● **The task**:
Your answer should consist of the lines in the data below that contain "PlayStation".

** Records supplied follows **

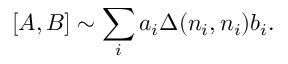<formula> <loc_0><loc_0><loc_500><loc_500>\left [ A , B \right ] \sim \sum _ { i } a _ { i } \Delta ( n _ { i } , n _ { i } ) b _ { i } .</formula> 
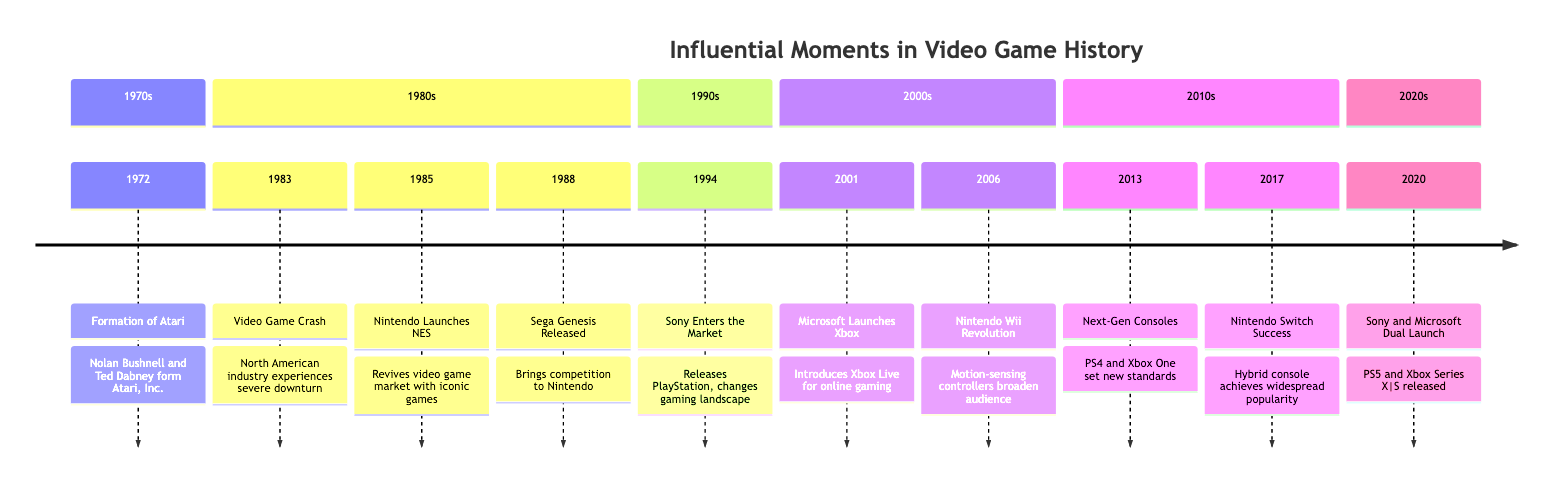What year was Atari formed? The diagram shows the formation of Atari in the year 1972. This is the earliest event in the timeline.
Answer: 1972 What event marked a downturn in the video game industry? According to the timeline, the event that marked a downturn in the industry was the "Video Game Crash," which occurred in 1983.
Answer: Video Game Crash Which console did Nintendo launch in 1985? The diagram indicates that in 1985, Nintendo launched the NES, also known as the Nintendo Entertainment System.
Answer: NES How many major console releases are noted in the 2000s? There are two major console releases noted in the 2000s: the Xbox launched in 2001 and the Wii released in 2006.
Answer: 2 What significant change did Sony introduce in 1994? In 1994, Sony introduced the PlayStation, which changed the landscape of video gaming with its 3D graphics and CD-based games, marking a significant change in gaming.
Answer: PlayStation Which company launched a hybrid console in 2017? The timeline states that in 2017, Nintendo launched the Switch, which is described as a hybrid console.
Answer: Nintendo In which decade did the Sega Genesis release? The Sega Genesis was released in 1988, which falls within the 1980s decade as shown on the timeline.
Answer: 1980s What aspect of gaming did the Nintendo Wii revolutionize? The timeline explains that the Nintendo Wii revolutionized gaming with its motion-sensing controllers, which broadened the audience.
Answer: Motion-sensing controllers

** End of Records supplied **

● **Solution to the exercise**:
Answer: 2 What significant change did Sony introduce in 1994? In 1994, Sony introduced the PlayStation, which changed the landscape of video gaming with its 3D graphics and CD-based games, marking a significant change in gaming.
Answer: PlayStation Which company launched a hybrid console in 2017? The timeline states that in 2017, Nintendo launched the Switch, which is described as a hybrid console.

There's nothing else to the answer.